Page:The Toll of the Bush.pdf/20
Geoffrey started and laughed; then a flush deepened in his cheek, and he muttered, ‘What a damned shame!’ and thereafter jogged along in silence.
The road wound gradually upwards round the hillsides, presenting a clay bank on one hand, and a steep, scrub-covered slope on the other. Down in the hollow the river lay like a silver octopus, its tentacles stretching far into the black bush-covered lands. Here and there were clearings, dwarfed into insignificance by the immensity of the virgin landscape from which they had been hewn. Some were black from a recent burn, others vividly green with the newly sown grass; in their midst slab or weatherboard huts marked the abodes of the pioneers. The river itself was deserted—not a boat or sail was visible, and save for a pair of black swans drifting in with the tide there was no sign of moving life within the compass of the horizon.

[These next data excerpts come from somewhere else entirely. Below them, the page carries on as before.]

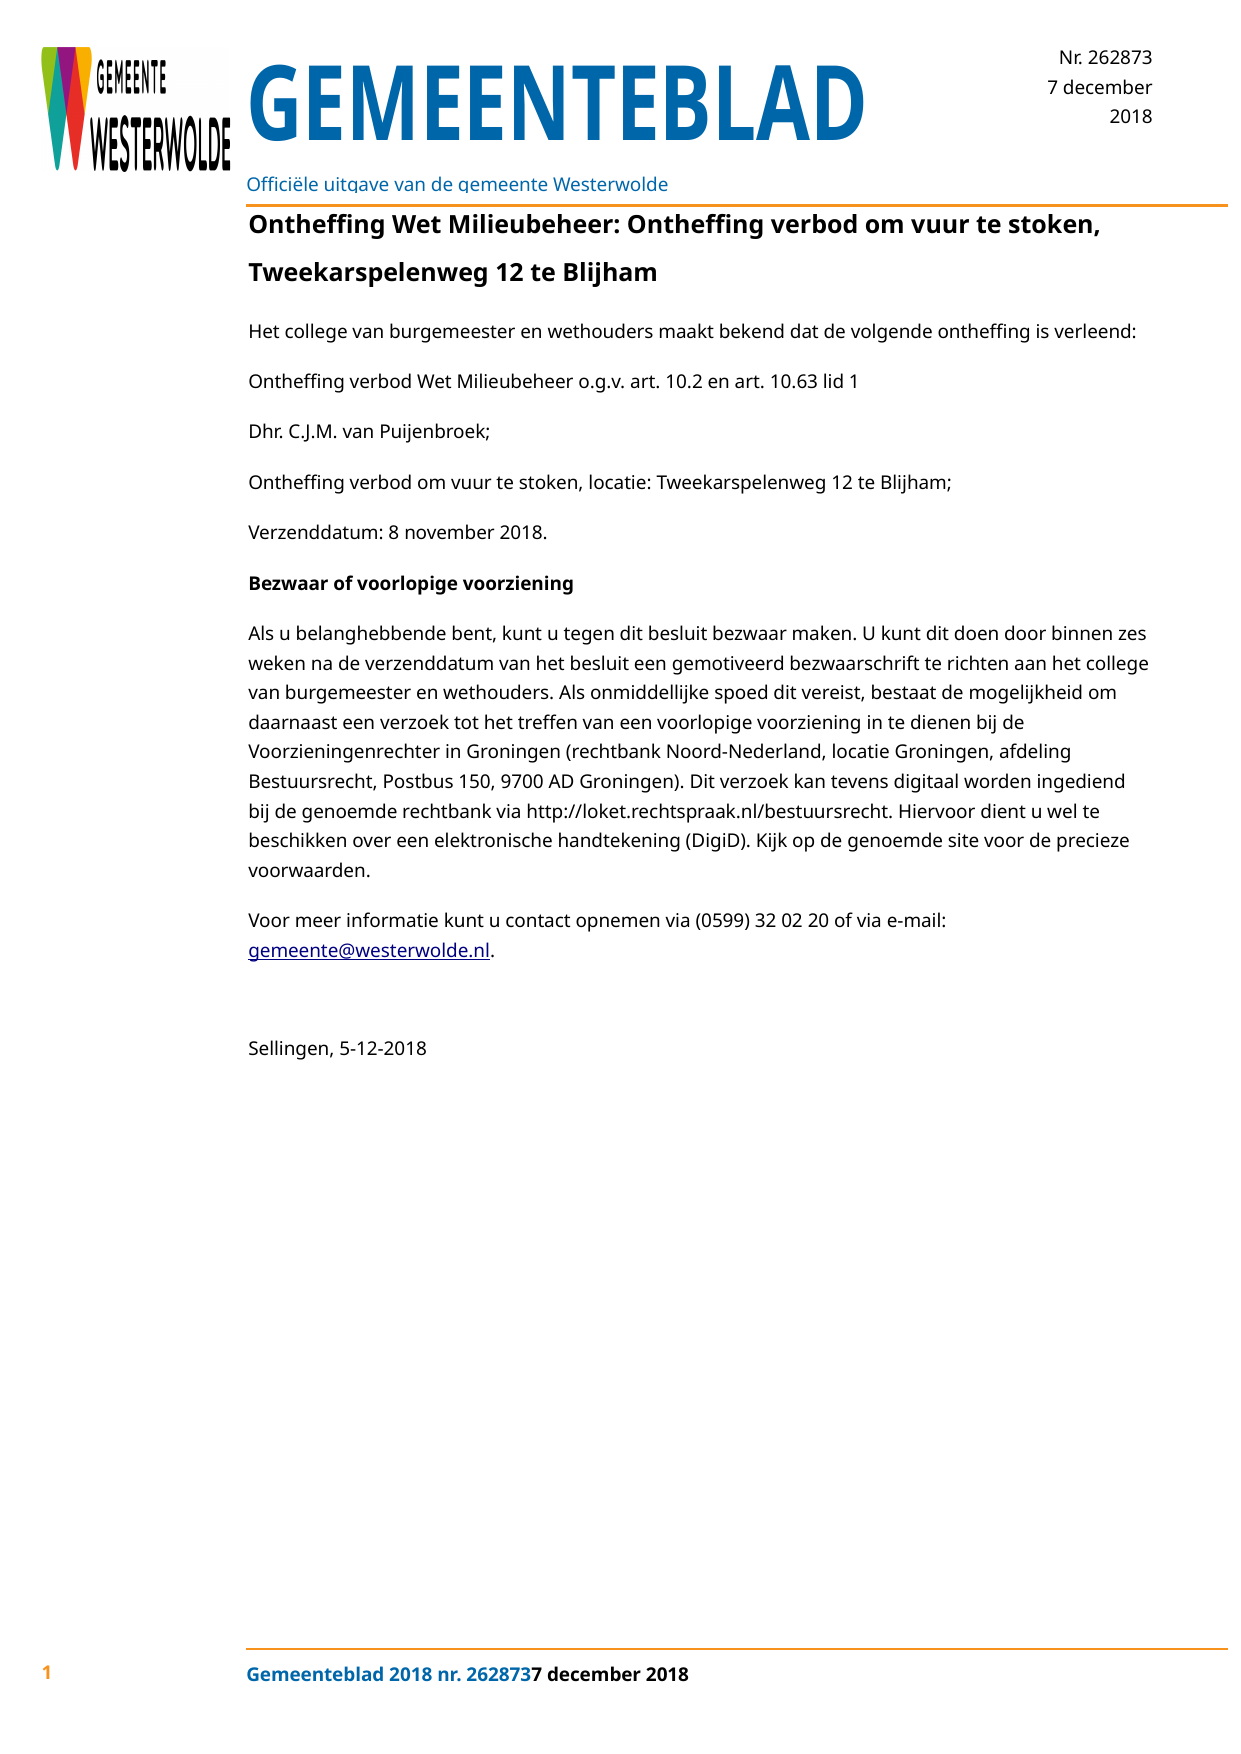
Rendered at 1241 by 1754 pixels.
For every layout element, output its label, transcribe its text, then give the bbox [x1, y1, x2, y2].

text Verzenddatum: 8 november 2018. [248, 519, 1152, 545]
text Ontheffing Wet Milieubeheer: Ontheffing verbod om vuur te stoken, Tweekarspelenweg 12 te Blijham [248, 207, 1152, 288]
text Het college van burgemeester en wethouders maakt bekend dat de volgende ontheffing is verleend: [248, 318, 1152, 344]
text Bezwaar of voorlopige voorziening [248, 570, 1152, 596]
picture [41, 47, 231, 172]
text Dhr. C.J.M. van Puijenbroek; [248, 419, 1152, 444]
text Als u belanghebbende bent, kunt u tegen dit besluit bezwaar maken. U kunt dit doen door binnen zes weken na de verzenddatum van het besluit een gemotiveerd bezwaarschrift te richten aan het college van burgemeester en wethouders. Als onmiddellijke spoed dit vereist, bestaat de mogelijkheid om daarnaast een verzoek tot het treffen van een voorlopige voorziening in te dienen bij de Voorzieningenrechter in Groningen (rechtbank Noord-Nederland, locatie Groningen, afdeling Bestuursrecht, Postbus 150, 9700 AD Groningen). Dit verzoek kan tevens digitaal worden ingediend bij de genoemde rechtbank via http://loket.rechtspraak.nl/bestuursrecht. Hiervoor dient u wel te beschikken over een elektronische handtekening (DigiD). Kijk op de genoemde site voor de precieze voorwaarden. [248, 620, 1152, 883]
text Ontheffing verbod Wet Milieubeheer o.g.v. art. 10.2 en art. 10.63 lid 1 [248, 368, 1152, 394]
text Sellingen, 5-12-2018 [248, 1035, 1152, 1061]
text Voor meer informatie kunt u contact opnemen via (0599) 32 02 20 of via e-mail: gemeente@westerwolde.nl. [248, 907, 1152, 963]
text Ontheffing verbod om vuur te stoken, locatie: Tweekarspelenweg 12 te Blijham; [248, 469, 1152, 495]

Geoffrey’s eye scanned the scene as he moved forward. ‘Poor devils!’ he said presently, ‘working their hearts out, and for what? What we want here is an army. Why are there not armies of peace as of war? Man’s the most astonishing kind of fool, if you come to reflect upon his ways. He could land an army corps here, and for an amount no greater than it costs to keep the beggars in idleness, convert the wilderness into a garden where men could live contentedly.’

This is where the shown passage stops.